Janson Westmoreland visited the creamery for the first time on Saturday and ordered a single scoop of chocolate ice cream. Westmoreland said he thinks the creamery provides a space for fans and students to step away and have a place to hang out.
“I would’ve never imagined putting a creamery in the middle of tailgates,” said Westmoreland, A&M Class of 2018, “but I think it’s awesome because none of the tailgates have ice cream and it’s a way to step away, get your dessert, and go back to the tailgate, drink a beer and get ready for the football game.”
Memories of the old campus creamery have stuck with Ray Riley, manager of Rosenthal Meat Center.
“The Creamery always had a line coming out with people buying malts and shakes and hand-dipped ice cream,” said Riley, A&M Class of 1979.

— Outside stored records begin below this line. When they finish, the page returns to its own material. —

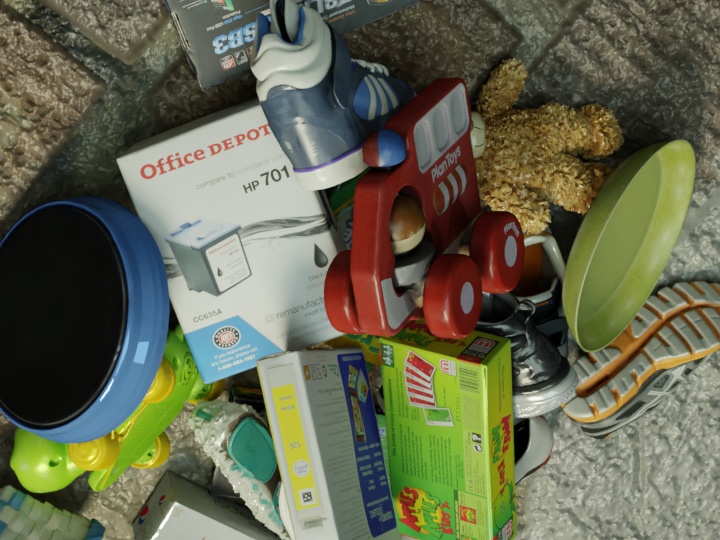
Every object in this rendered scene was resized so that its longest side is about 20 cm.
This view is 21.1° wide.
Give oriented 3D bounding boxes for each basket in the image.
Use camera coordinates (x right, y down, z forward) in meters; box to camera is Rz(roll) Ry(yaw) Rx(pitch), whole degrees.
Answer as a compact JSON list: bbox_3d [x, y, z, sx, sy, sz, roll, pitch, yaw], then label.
[{"bbox_3d":[-0.268,0.288,1.655,0.200,0.139,0.176,42,130,-10],"label":"basket"}]

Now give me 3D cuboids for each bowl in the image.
[{"bbox_3d":[-0.237,0.038,1.556,0.039,0.200,0.201,11,112,-50],"label":"bowl"}]

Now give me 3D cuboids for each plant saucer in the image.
[{"bbox_3d":[0.226,-0.026,1.665,0.031,0.200,0.201,27,108,24],"label":"plant saucer"}]

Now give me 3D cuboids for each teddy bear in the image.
[{"bbox_3d":[0.139,-0.103,1.636,0.199,0.067,0.146,23,82,-20],"label":"teddy bear"}]

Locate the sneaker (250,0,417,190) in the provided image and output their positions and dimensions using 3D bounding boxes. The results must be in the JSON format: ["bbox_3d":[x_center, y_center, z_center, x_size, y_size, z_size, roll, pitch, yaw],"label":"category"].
[{"bbox_3d":[-0.022,-0.163,1.537,0.080,0.200,0.147,-12,109,26],"label":"sneaker"}]

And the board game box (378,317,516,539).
[{"bbox_3d":[0.076,0.143,1.634,0.101,0.048,0.201,14,124,29],"label":"board game box"}]

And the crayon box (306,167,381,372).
[{"bbox_3d":[0.000,0.000,1.670,0.125,0.052,0.201,22,105,-19],"label":"crayon box"}]

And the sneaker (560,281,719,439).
[{"bbox_3d":[0.268,0.081,1.758,0.200,0.078,0.077,-31,143,-5],"label":"sneaker"}]

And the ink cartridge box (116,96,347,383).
[{"bbox_3d":[-0.095,-0.029,1.584,0.146,0.086,0.201,-21,99,5],"label":"ink cartridge box"}]

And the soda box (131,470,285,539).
[{"bbox_3d":[-0.103,0.259,1.742,0.200,0.064,0.068,28,103,-22],"label":"soda box"}]

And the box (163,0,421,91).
[{"bbox_3d":[-0.074,-0.273,1.548,0.199,0.050,0.199,-23,116,-3],"label":"box"}]

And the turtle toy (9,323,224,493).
[{"bbox_3d":[-0.215,0.117,1.632,0.101,0.146,0.200,43,98,17],"label":"turtle toy"}]

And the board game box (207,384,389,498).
[{"bbox_3d":[-0.031,0.166,1.744,0.199,0.023,0.105,10,107,-16],"label":"board game box"}]

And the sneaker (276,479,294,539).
[{"bbox_3d":[-0.022,0.236,1.675,0.074,0.079,0.201,-20,110,-50],"label":"sneaker"}]

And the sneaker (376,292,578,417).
[{"bbox_3d":[0.086,0.069,1.667,0.199,0.075,0.114,-8,116,38],"label":"sneaker"}]

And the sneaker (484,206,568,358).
[{"bbox_3d":[0.146,0.041,1.705,0.078,0.079,0.201,-16,115,-8],"label":"sneaker"}]

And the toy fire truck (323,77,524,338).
[{"bbox_3d":[0.042,-0.045,1.506,0.112,0.200,0.169,2,115,29],"label":"toy fire truck"}]

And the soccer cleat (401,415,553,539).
[{"bbox_3d":[0.095,0.200,1.736,0.200,0.069,0.085,-44,151,-7],"label":"soccer cleat"}]

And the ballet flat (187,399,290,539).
[{"bbox_3d":[-0.091,0.169,1.681,0.072,0.072,0.200,-30,138,0],"label":"ballet flat"}]

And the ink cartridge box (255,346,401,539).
[{"bbox_3d":[-0.019,0.163,1.564,0.047,0.198,0.201,-11,86,13],"label":"ink cartridge box"}]

A campus creamery was a part of A&M since the early 20th century, according to The Battalion archives. In 1956, the creamery moved from west campus to a new building next to Evans Library. Milk for the creamery’s ice cream came from cows at A&M’s former Dairy Cattle Center on a 450-acre complex off F&B Road northwest of campus. The creamery was open until 1992 when it closed due to construction of the Evans Library Annex and was destroyed in 1995 to make room for the Central Campus Garage.
A new creamery was being built on A&M’s west campus near Discovery Drive and was supposed to house the old creamery’s ice cream-making equipment, according to a 1997 article in The Battalion. A&M’s student newspaper reported in 1999 that the building, which cost $3.5 million, was completed in the fall of 1998, but went unused for a year. Issues arose when the old creamery equipment was deemed unusable.
The new creamery on west campus never opened.
In the spring of 1983, A&M’s Rosenthal Meat Center began selling products produced at the creamery, according to Riley. When the creamery closed in 1995, Riley said the Meat Center started selling Blue Bell. That lasted until the end of 1999 when hopes of a new creamery opening were bleak. Riley said A&M’s dairy herd was sold off soon after.
“We already knew we were in the process of making our dairy herd smaller, so it was just decided in the Animal Science Department that they would not have a creamery,” Riley said.
Over 25 years later, a creamery has returned to A&M’s campus. It’s different than the one old Aggies remember. Blue Bell is sold instead of homemade ice cream. Riley said he was impressed with Aggie Park, including its addition of a creamery.
“And the thought of being able to walk on campus and be able to walk over to the Creamery and enjoy an ice cream there,” Riley said, “I think that’s going to be a great event or relaxation for Aggies and former students and all.”
Moore said he thinks the creamery is a great first date spot for students, who he said can return a year or so later and put an engagement ring on top of their ice cream cone.
“This will be a great place for the students to get to know each other and really feel like they’re a part of something special,” he said.